Network Analysis as a Means of Assessing Translatability of Emotion Words

Katie Hoemann, Margherita De Luca & Lisa Feldman Barrett

Cross-cultural differences in emotion concepts are well-established (e.g., Russell, 1991; Wierzbicka, 1994). Purportedly ‘untranslatable’ emotion words are particularly salient examples: Tagalog speakers have a word, “gigil”, for “when something is so cute that you want to squeeze it”, and Italian does not have an easy translation for English “excitement”. But how should ‘untranslatability’ be defined? Previous work has employed a variety of methods for comparing emotion word meaning across languages (see Ogarkova, 2016 for a review). However, most methods are focused on describing the nature of differences in meaning, rather than measuring the similarity or dissimilarity of individual words. In this study, we use free association data from the Small World of Words project (De Deyne et al, 2008, 2013) to construct semantic networks for ‘untranslatable’ Dutch words (e.g., “gezellig”) and their possible English translations, as determined using synonyms and back translation. We selected networks with equivalent metrics, and evaluated the similarity of target words’ behavior within their respective networks using these same metrics. Using this data-driven approach, we found no (single) English word matches for Dutch targets. These observations are supported by pilot data comparing “gezellig”, its semantic neighbors, and possible English translations on the basis of valence and arousal, as well as features of elicited scenarios. To contextualize these results, we also generated networks based on lexical neighborhood data from Continuous Bag-of-Words (CBOW) models trained for Dutch and English (Mandera et al, 2017). Taken together, our results illustrate a novel means of understanding emotional meaning across cultures.

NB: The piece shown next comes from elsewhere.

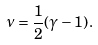<formula> <loc_0><loc_0><loc_500><loc_500>\nu = \frac { 1 } { 2 } ( \gamma - 1 ) \, .</formula> 
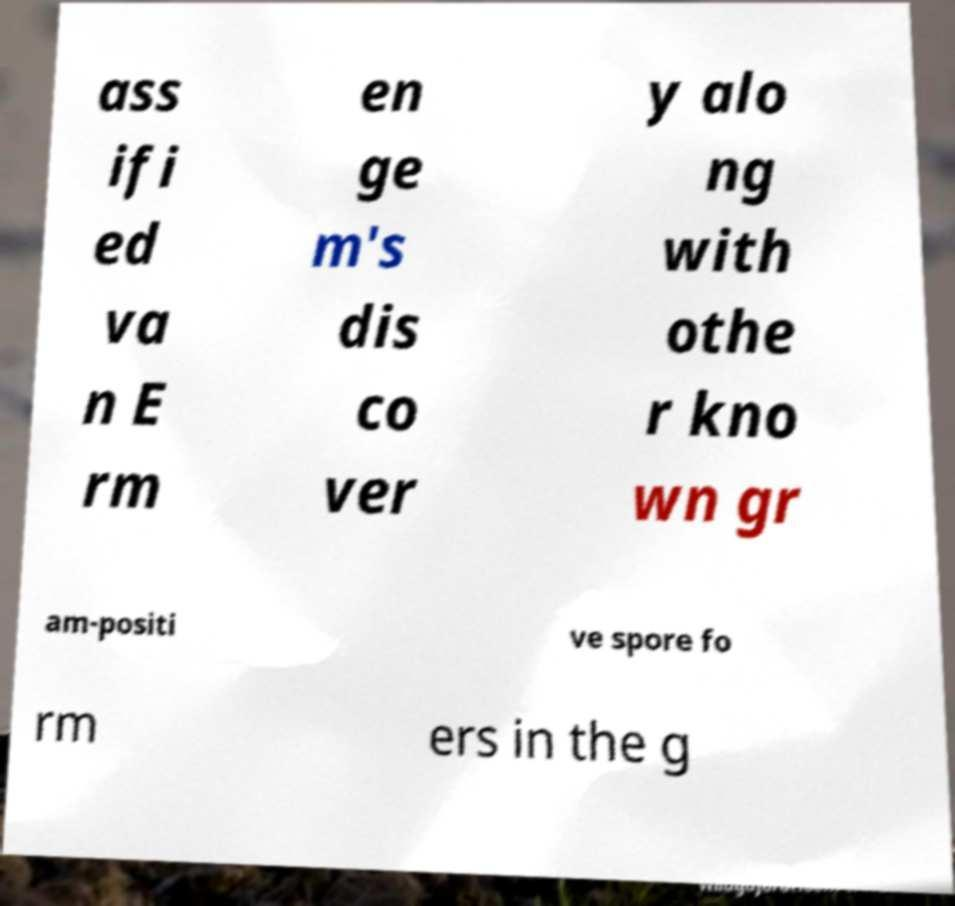Please read and relay the text visible in this image. What does it say? ass ifi ed va n E rm en ge m's dis co ver y alo ng with othe r kno wn gr am-positi ve spore fo rm ers in the g

An Indirect Scaling Method for Testing Quantitative Cognitive Emotion Theories

Rainer Reisenzein & Martin Junge

We summarize research conducted during the past years on an improved method for measuring the subjective experience of emotions, an indirect scaling method based on graded pair comparisons. We have evidence that the scale values of emotion intensity obtained with this method have a much higher reliability than the usual rating scales (Junge & Reisenzein 2013; 2015) and even seem to achieve a metric scale level (Junge & Reisenzein, 2016). This makes this scaling method well-suited for testing quantitative cognitive emotion theories. Indeed, very good fits of quantitative cognition-emotion models on the individual subject level were obtained with this measurement method (Junge & Reisenzein, 2013). In recent work, the method was sucessfully extended beyond the measurement of emotions to the measurement of cognitions and action tendencies (Reisenzein & Franikowski, 2018). Junge, M., & Reisenzein, R. (2013). Indirect scaling methods for testing quantitative emotion theories. Cognition and Emotion, 27, 1247–1275. Junge, M., & Reisenzein, R. (2015). Maximum Likelihood Difference Scaling versus Ordinal Difference Scaling of emotion intensity: a comparison. Quality & Quantity, 49, 2169–2185. Junge, M., & Reisenzein, R. (2016). Metric scales for emotion measurement. Psychological Test and Assessment Modeling, 58, 497–530. Reisenzein, R., & Franikowski, P. (2018). Improved measurement of cognitions, feelings and action tendencies using Ordinal Difference Scaling. Manuscript in preparation, University of Greifswald.